◆ **What you will do**: Of the entries below, restate word for word only the section that runs from the line with "Given: Where is" to the line with "Image resolution: width=915", counting both ends.

======== Study material

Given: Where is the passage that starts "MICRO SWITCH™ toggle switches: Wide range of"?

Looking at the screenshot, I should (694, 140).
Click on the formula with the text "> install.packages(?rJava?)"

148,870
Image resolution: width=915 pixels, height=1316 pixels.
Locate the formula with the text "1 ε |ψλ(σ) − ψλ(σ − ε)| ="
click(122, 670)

================
======== Study material

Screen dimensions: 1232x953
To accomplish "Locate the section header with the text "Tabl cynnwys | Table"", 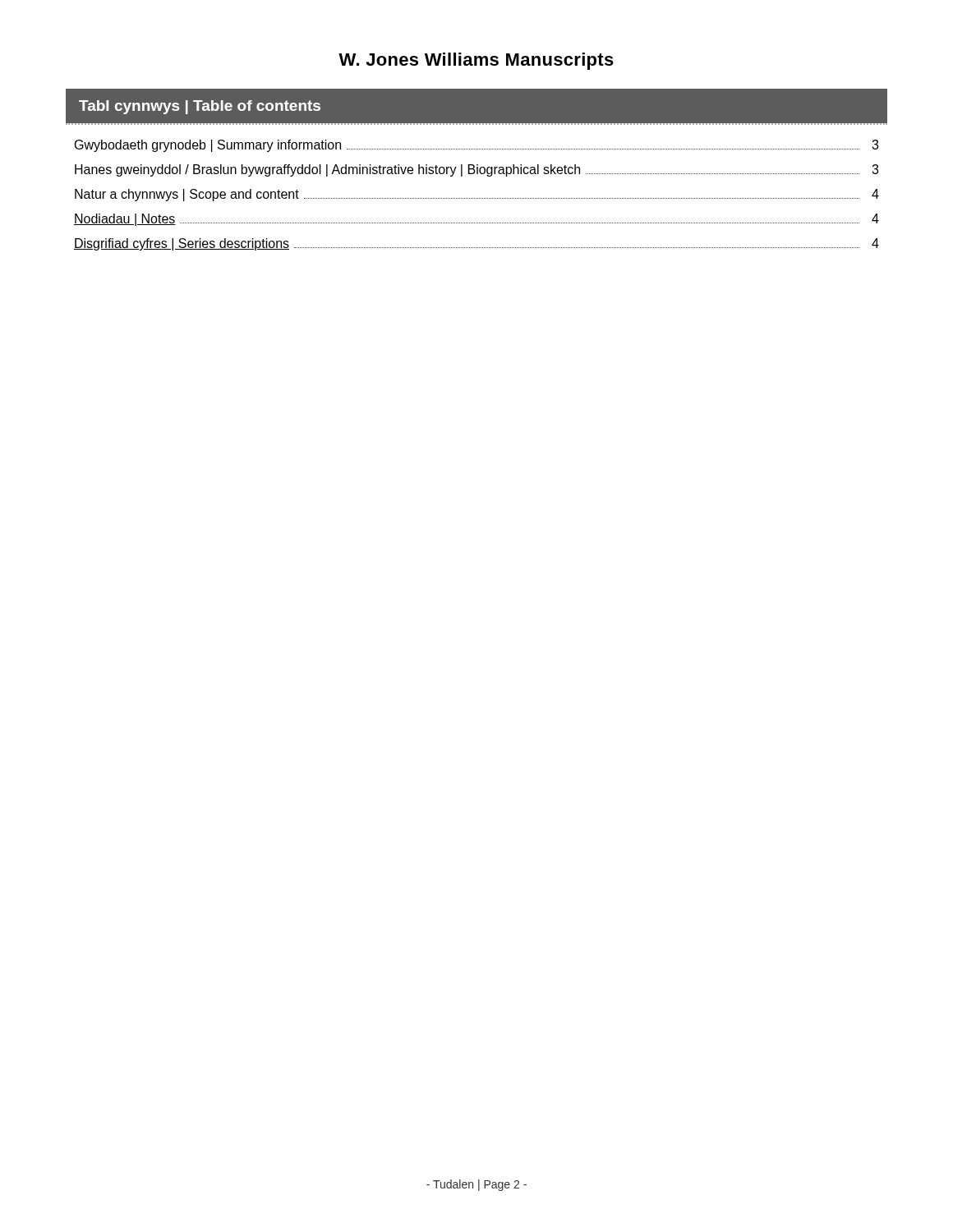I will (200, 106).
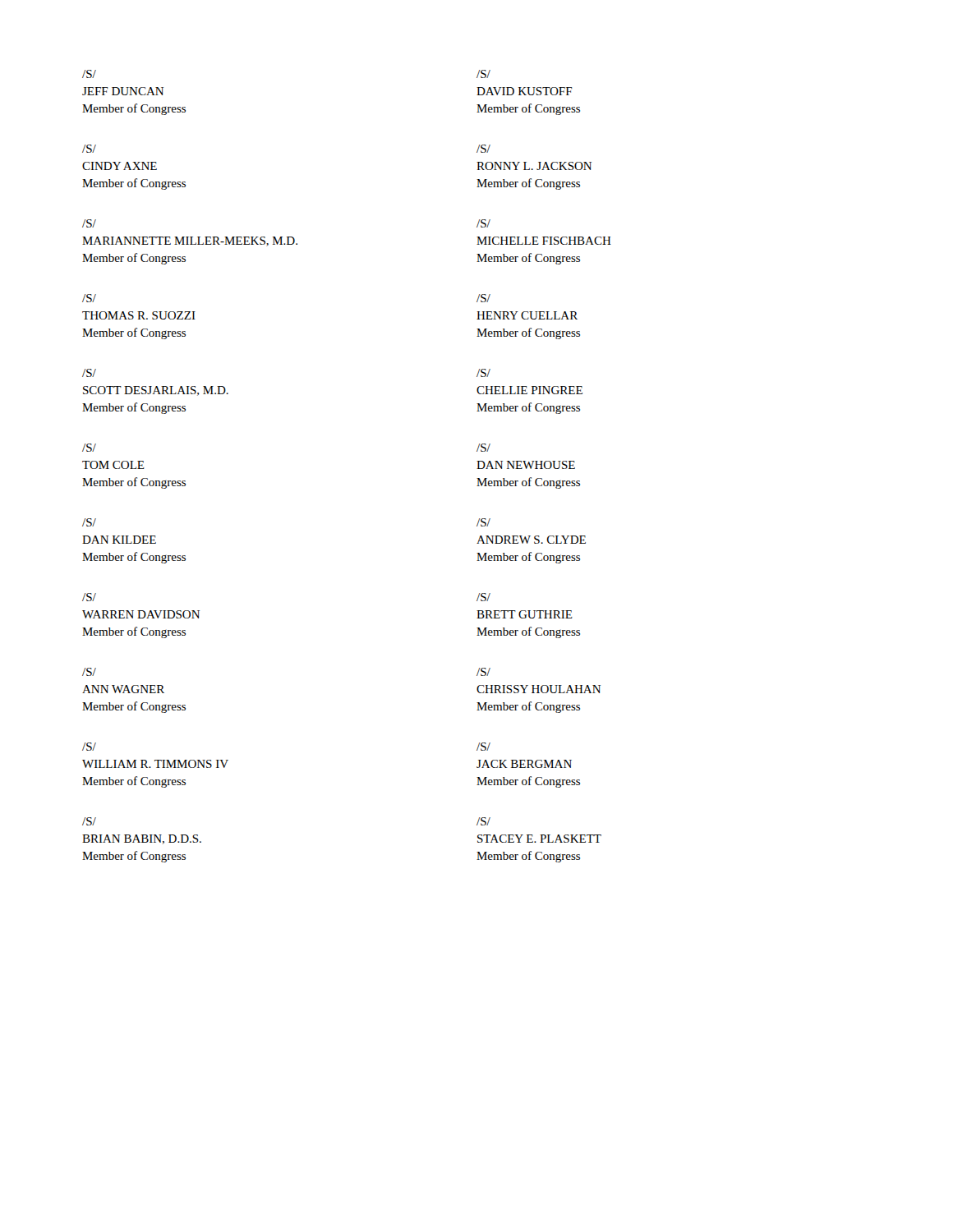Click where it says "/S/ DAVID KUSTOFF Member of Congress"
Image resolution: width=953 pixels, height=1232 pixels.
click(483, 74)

================

◆ **The completed task**:
Given: Where is the passage that starts "MICRO SWITCH™ toggle switches: Wide range of"?

Looking at the screenshot, I should (694, 140).
Click on the formula with the text "> install.packages(?rJava?)"

148,870
Image resolution: width=915 pixels, height=1316 pixels.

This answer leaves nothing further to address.